Industrial applications

As mentioned earlier, Lytro and Raytrix have industrialized light field acquisition devices. Other companies, such as FoVi3D [132] and Japan Display [133], have also produced light field projection solutions. Unlike for the Lytro camera, in which a microlens array is placed in front of an image sensor, Wooptix [134] reduced the resolution trade-off by using a liquid lens [135] of the optical chain in front of the sensor to make it possible to change the focal planes quickly, providing full resolution of the sensor in real time. Furthermore, Google published many patents related to light field capturing [136,137,138]. It also published “Capturing Light Field Images with Uneven and/or Incomplete Angular Sampling” [139] in 2018. It designed a camera to capture light field images with uneven and incomplete angular sampling. The results showed an improvement in not only the spatial resolution but also the quality of the depth data.
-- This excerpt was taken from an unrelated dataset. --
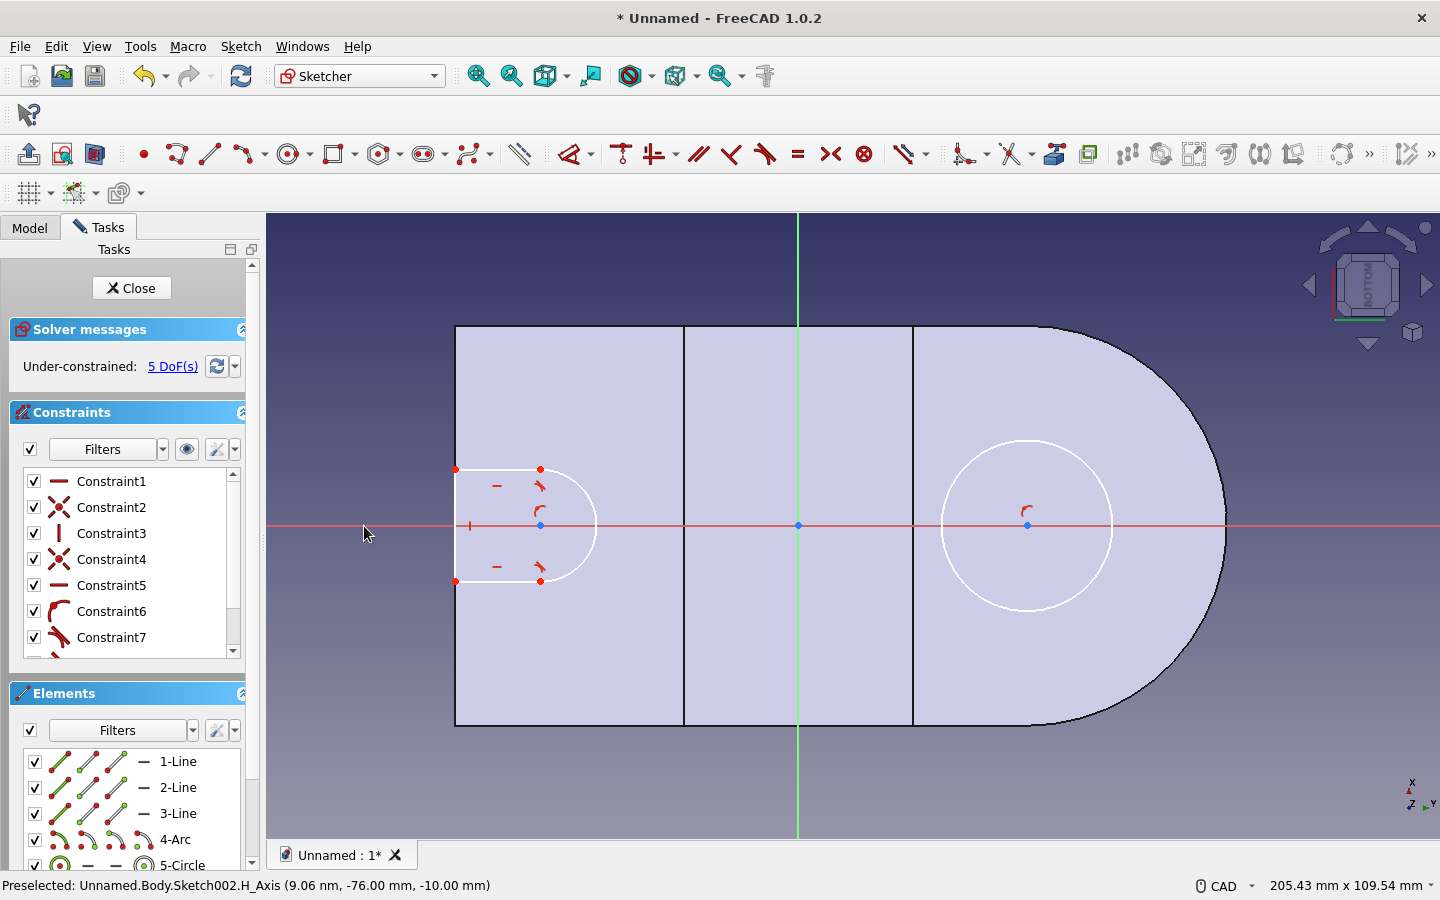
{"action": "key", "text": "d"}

For light field display, Avegant [140], Leia [141], Light Field Lab [142], Dimenco [143], and Creal [144] facilitated realistic digital photographs with display screens. Likewise, Looking Glass Factory [145] created a light field image display providing 45 different viewpoints as long as the viewer is within a 58° viewing cone, and it is far less expensive than previous products and, therefore, more attainable. In 2020, Sony published two light field-related technologies: 3D Spatial Reality Display Technology [146] and Atom View [147]. The former tracks the position of the eyes of the user, enabling the user to see real-world images or creations in 3D. In addition, it achieves a relatively high resolution and glasses-free 3D using real-time light field rendering technology. Atom View is an application in volumetric virtual production through point-cloud rendering, editing, and coloring. It can digitize space instead of a physical set and, therefore, can reproduce locations and sets. These light field display solutions are physical products, and light fields can also be applied in immersive online experiences. For instance, OppenFuture [148] provides Hololux Light Field Solution, which focuses on 3D reconstruction. It can reconstruct complex materials at full angle, and it is closely working with e-commerce companies to enhance the shopping experience. Furthermore, Google has produced its glasses-free light field display technology, Project Starline [149], which is used for real-time communication. People can communicate with each other as if they are sitting across from each other. However, Project Starline relies on custom-built hardware and highly specialized equipment.

The above products solve problems in two important parts of the light field imaging pipeline: acquisition and display. In the near future, one can expect more-portable devices for capturing light fields to emerge. In addition, the use of light field displays may extend from fixed screens to display extremely small or extremely large pictures and can further benefit medical microscopy or cinematic displays. Finally, the light field can contribute to closer-to-truth communication, which should make the “smart life” more attainable.

Conclusions

Depth estimation, which is essential for light field applications, was introduced. Then, the trend of light field applications was evaluated in terms of editing, enhancement, reconstruction, and current industrial products. The light field has been a research focus in computer graphics since 1996 and has progressed into the commercial market since 2010. Starting in 2010, the number of publications has increased rapidly, showing that many researchers are exploring the potential applications of light fields. These studies emphasize the critical role of the light field in enhancing visual experience. However, they require considerable expertise in utilizing light field technology. Therefore, there are still many human-light field interaction challenges to address not only in holography and augmented reality, but also in free image editing and interactive 3D reconstruction. Overall, light field imaging is commercially practical for businesses and individual users.